[Dataset records]
#####

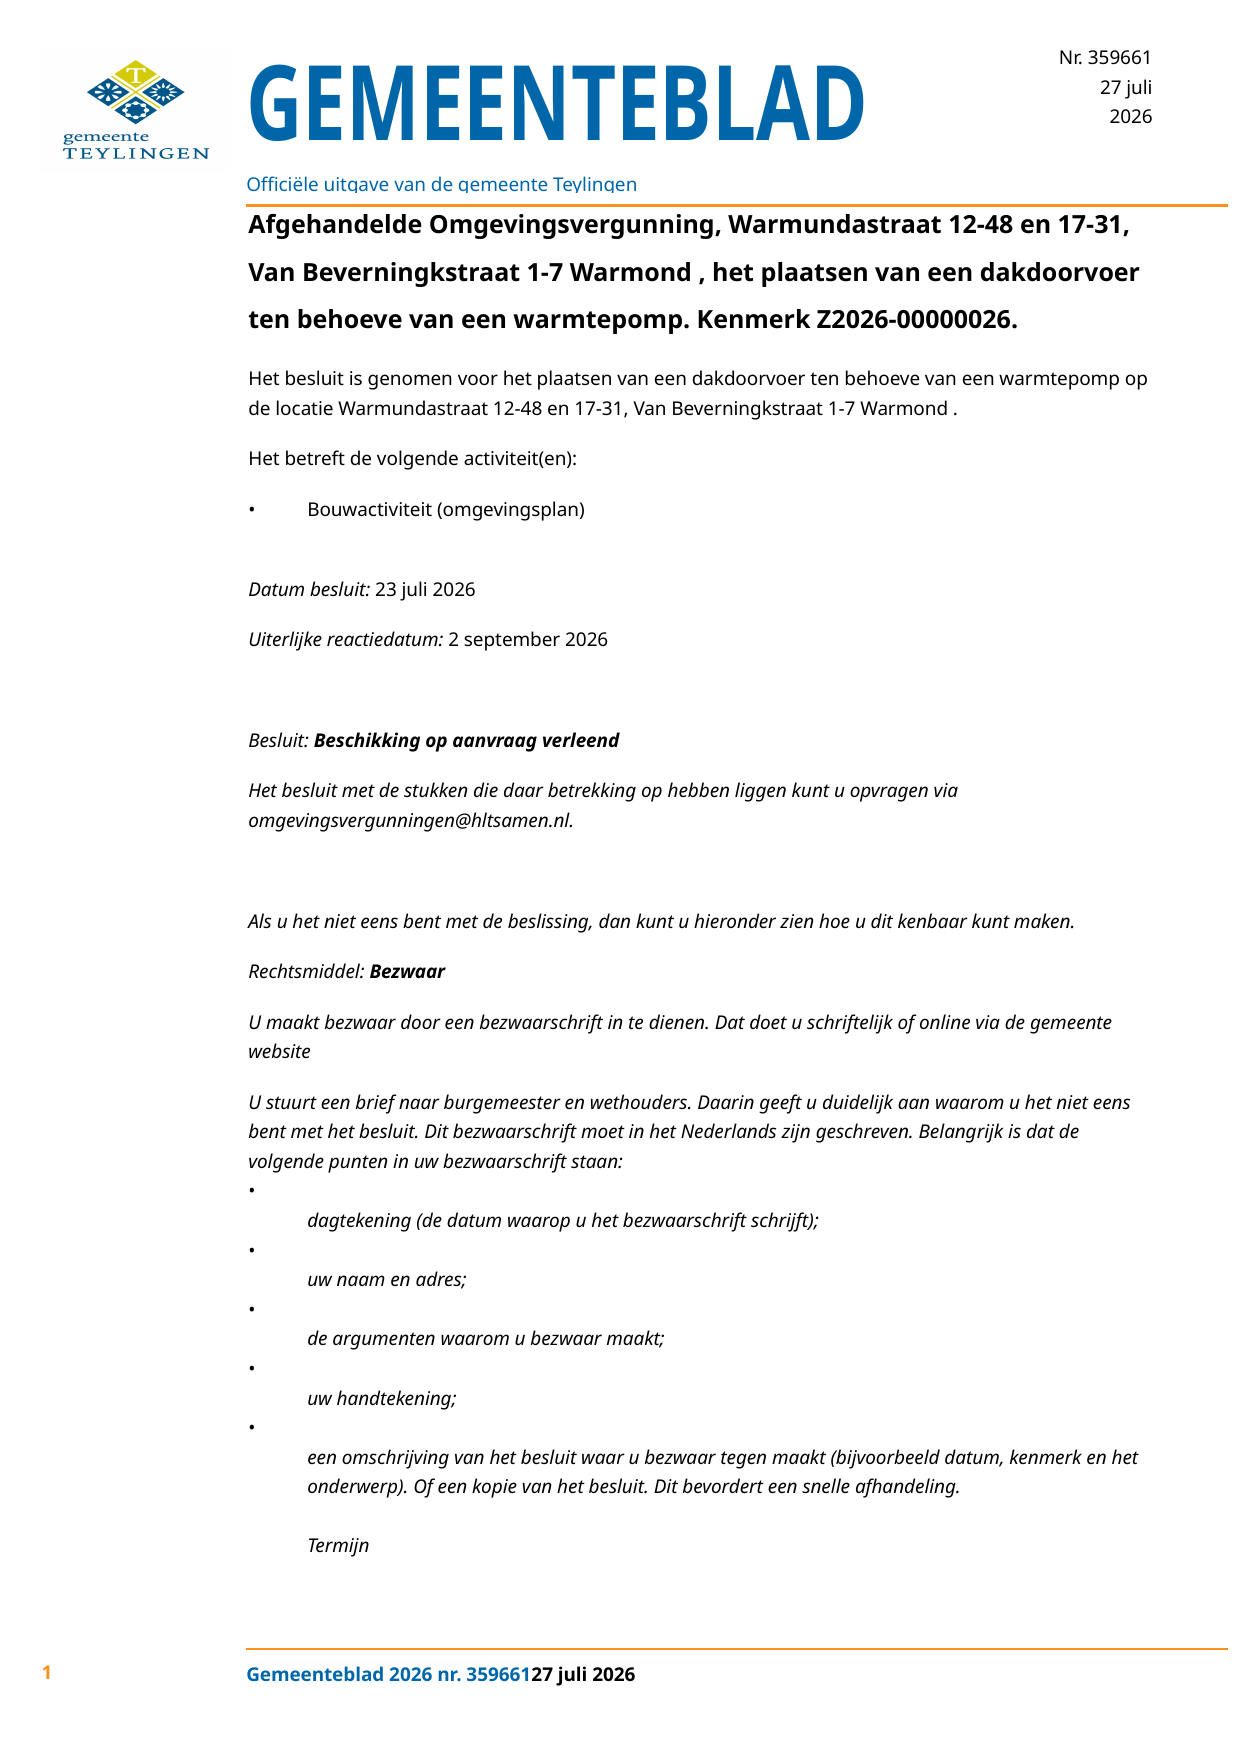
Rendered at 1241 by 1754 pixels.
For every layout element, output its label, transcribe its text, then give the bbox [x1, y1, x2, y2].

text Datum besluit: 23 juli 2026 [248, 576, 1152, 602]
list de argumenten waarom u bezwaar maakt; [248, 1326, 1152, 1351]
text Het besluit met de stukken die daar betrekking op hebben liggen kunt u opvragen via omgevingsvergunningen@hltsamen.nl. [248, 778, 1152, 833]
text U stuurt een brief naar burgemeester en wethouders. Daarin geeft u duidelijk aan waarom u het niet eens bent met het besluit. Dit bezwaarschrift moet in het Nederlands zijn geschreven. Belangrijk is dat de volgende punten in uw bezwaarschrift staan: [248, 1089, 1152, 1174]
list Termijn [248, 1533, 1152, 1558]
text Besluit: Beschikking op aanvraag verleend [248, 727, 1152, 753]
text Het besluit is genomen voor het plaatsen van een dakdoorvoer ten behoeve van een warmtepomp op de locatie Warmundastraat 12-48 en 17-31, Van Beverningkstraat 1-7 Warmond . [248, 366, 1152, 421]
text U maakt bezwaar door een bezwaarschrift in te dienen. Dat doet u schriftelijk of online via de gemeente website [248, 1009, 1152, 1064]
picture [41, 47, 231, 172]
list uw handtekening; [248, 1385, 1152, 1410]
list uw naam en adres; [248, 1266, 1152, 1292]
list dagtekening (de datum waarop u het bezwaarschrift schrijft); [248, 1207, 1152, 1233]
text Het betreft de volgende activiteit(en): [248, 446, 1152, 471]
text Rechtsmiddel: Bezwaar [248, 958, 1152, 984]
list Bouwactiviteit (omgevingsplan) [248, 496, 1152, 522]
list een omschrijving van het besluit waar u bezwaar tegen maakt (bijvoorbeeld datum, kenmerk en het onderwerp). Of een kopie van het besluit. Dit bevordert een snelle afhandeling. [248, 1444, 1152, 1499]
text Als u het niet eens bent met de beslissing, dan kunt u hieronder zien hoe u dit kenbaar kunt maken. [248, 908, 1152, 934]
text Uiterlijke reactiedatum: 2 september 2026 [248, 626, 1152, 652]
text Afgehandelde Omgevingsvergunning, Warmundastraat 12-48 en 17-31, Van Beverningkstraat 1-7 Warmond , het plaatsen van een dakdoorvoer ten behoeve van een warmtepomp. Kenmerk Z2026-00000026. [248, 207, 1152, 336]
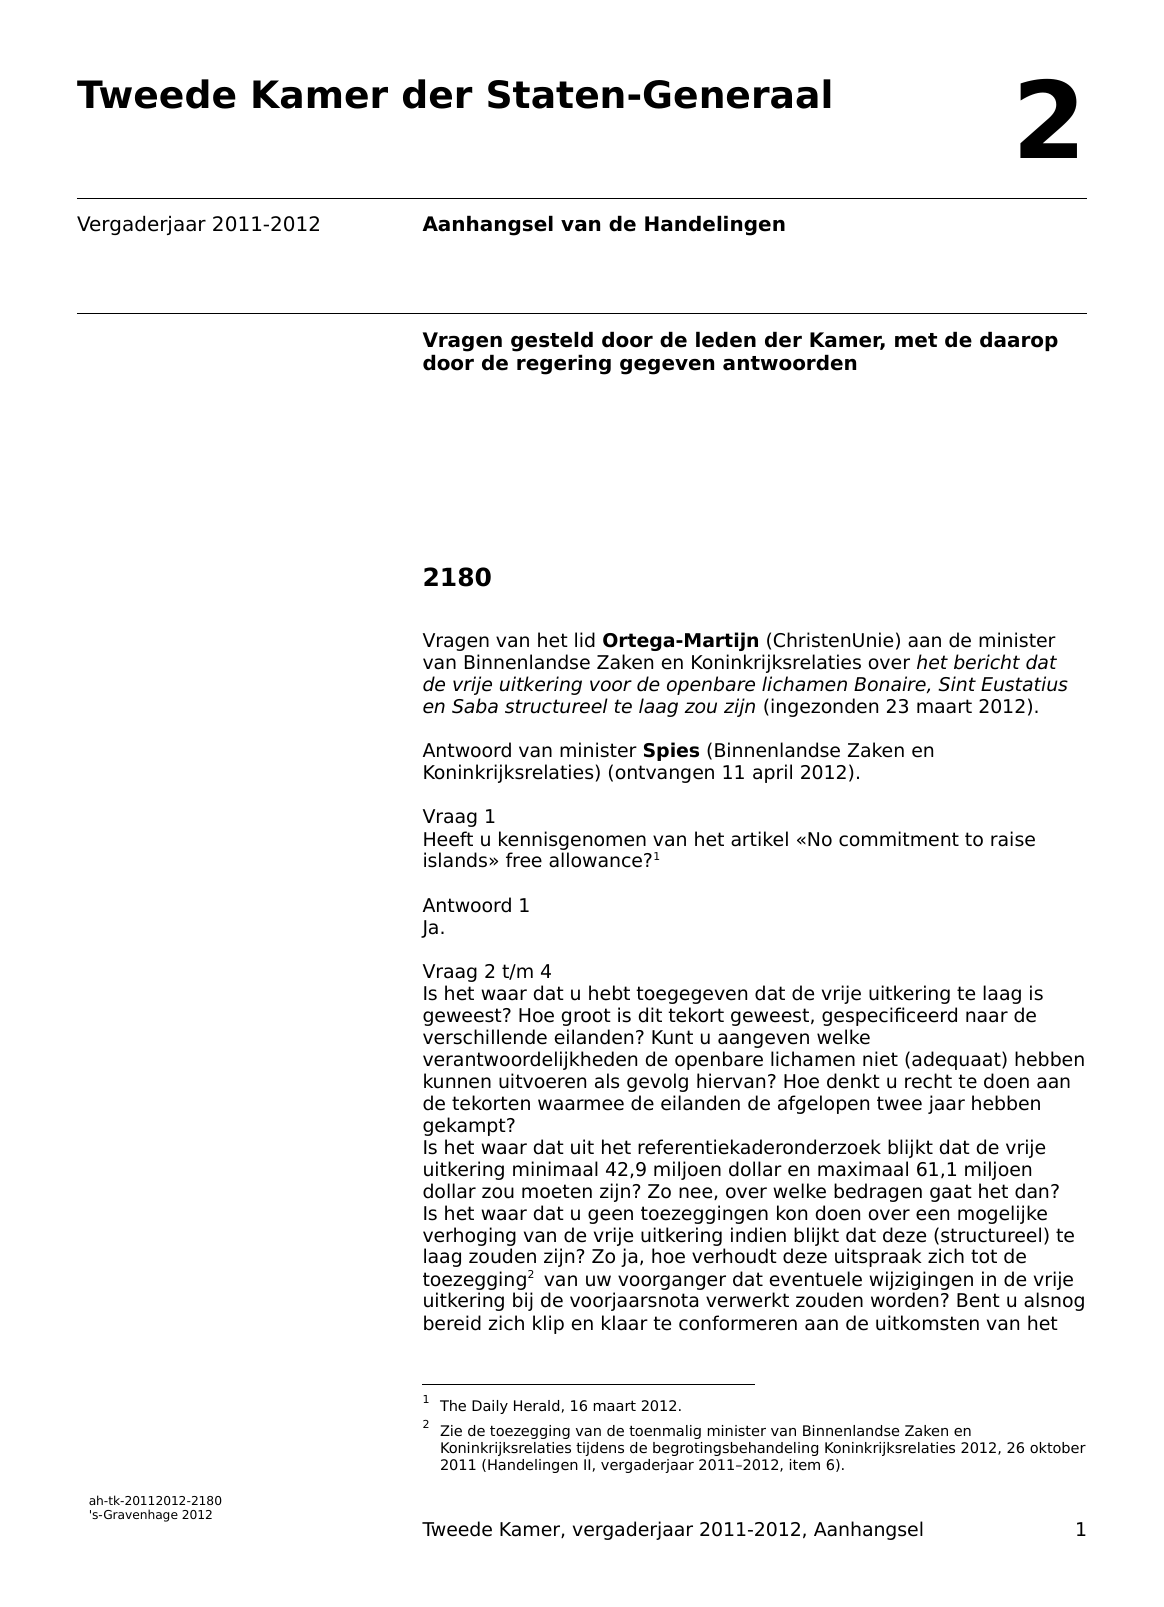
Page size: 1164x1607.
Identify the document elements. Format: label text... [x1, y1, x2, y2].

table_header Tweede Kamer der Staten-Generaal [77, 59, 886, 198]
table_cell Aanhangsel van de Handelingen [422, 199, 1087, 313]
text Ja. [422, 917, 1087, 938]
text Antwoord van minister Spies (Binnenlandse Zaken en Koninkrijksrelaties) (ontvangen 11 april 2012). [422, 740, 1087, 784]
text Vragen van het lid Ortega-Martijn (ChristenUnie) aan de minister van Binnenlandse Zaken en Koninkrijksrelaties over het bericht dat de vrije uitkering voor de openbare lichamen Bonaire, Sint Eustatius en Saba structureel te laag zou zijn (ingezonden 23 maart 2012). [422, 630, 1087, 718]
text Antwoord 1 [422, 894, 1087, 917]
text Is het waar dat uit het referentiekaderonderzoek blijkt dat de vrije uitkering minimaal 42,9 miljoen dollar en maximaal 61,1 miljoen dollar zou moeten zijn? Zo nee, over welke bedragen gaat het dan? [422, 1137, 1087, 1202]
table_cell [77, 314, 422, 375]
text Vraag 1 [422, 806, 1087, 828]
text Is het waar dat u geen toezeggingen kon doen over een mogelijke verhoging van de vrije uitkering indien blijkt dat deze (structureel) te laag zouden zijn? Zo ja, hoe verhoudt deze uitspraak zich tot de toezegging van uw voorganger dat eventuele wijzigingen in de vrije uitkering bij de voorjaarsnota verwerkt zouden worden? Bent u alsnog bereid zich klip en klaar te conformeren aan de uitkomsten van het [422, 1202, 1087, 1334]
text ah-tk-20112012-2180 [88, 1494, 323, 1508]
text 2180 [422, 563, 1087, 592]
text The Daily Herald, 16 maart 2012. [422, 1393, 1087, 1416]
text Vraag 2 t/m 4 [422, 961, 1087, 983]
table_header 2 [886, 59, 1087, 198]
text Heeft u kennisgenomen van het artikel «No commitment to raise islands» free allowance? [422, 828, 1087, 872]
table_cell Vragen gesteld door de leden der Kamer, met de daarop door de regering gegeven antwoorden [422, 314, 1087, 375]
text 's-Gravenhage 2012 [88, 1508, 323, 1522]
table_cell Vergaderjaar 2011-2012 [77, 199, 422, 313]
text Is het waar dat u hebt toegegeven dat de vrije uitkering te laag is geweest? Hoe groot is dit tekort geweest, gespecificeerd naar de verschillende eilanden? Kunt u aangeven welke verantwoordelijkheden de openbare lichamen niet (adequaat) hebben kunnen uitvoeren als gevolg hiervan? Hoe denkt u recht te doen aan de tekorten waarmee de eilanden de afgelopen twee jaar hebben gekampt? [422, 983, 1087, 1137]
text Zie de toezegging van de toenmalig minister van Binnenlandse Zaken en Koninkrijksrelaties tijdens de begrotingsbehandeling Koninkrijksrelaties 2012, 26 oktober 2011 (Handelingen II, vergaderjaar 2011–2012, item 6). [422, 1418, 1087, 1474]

#####

(PROBLEM DETAILS): Where a line above holds the word "Handelingen", copy it.

(RESULT OF THIS TASK):
table_cell Aanhangsel van de Handelingen [422, 199, 1087, 313]
text Zie de toezegging van de toenmalig minister van Binnenlandse Zaken en Koninkrijksrelaties tijdens de begrotingsbehandeling Koninkrijksrelaties 2012, 26 oktober 2011 (Handelingen II, vergaderjaar 2011–2012, item 6). [422, 1418, 1087, 1474]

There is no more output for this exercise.